Wednesday, December 17, 2008

THE HORRIBLE STINK OF THE ROTTING CORPOCRACY

I woke up at 5:30 am like clockwork. Got up. Turned on the twinkling xmas lights draped over Rudolph the red balled reindeer. Grabbed my gun. Turned on the Pursuit Channel and methodically made my way around the shack. Is that a rub on the coffee table leg? I swear I saw tracks in the closet and scrapes in the kitchen, under the coat rack. Ssssshhhhhh. Between ads for hardon pills and cream I thought I saw a big buck crosing the TV screen. I laid the gun barrel over the back of a chair and waited....
After two months in the woods I knew it wouldn't be easy to make the transition back to civilian life. I heard crows and looked up. Buzzards were circling the cieling fan. Was this the big one? Had I actually hit him? I followed my nose behind the woodstove and there it lay- not the monster buck, I had missed clean, but the foul coyote shredded carcass of the American system of government and finance. It seems an unethical hunter had gut shot his buddy and left him to die an ignoble death in the weeds. How could this have happened? Let's try to piece together the forensic evidence.

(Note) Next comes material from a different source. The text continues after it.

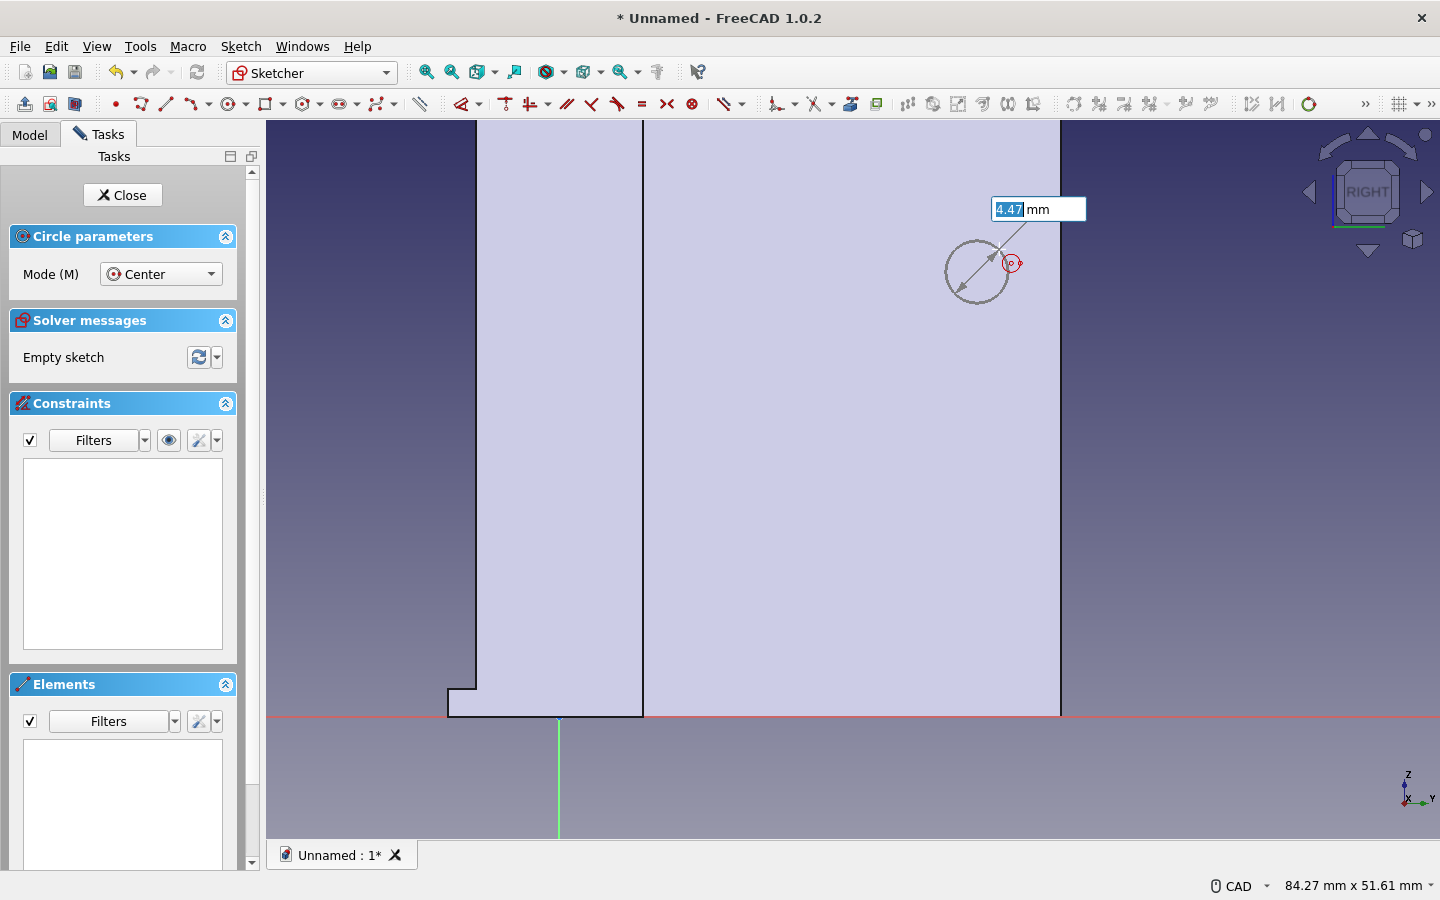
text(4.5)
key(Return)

Once upon a time corporations and government hunted together. Each year they would don the blaze orange, load up the pick up trucks with apples and pumpkins and make their way to the mountains for a weekend of drinking, card playing and shooting around the bait pile. If it was brown it was down. Spikes and does were piled in the truck beds and back to the city they went. It was a system that seemed to work. With names like Madoff and Blogovavich, politicions, hedge fund managers and corporate execs took a little time off to hunt with each other. Deals were made. Pockets were lined. Bush came late and hunted from his tinted window SUV with the lights and heater on. He never even turned the radio off. Then, this year there were no deer. So they drank and their trigger fingers got itchy.
Poor people with late mortgage payments and hardly any meat on their bones were the first to fall. Because the bankers had the most powerful guns and the most ammo the politicians didn't dare draw a bead on them. But fat under gunned auto execs looked mighty tasty, sneaking through the under brush. Brokerage houses were easy picking and by the end of the season all bets were off. No one was safe. For now it's left to the scavengers. For me, I have laundry, wood to get in and a house to finish building. That should keep me busy 'til spring. Four months until turkey season.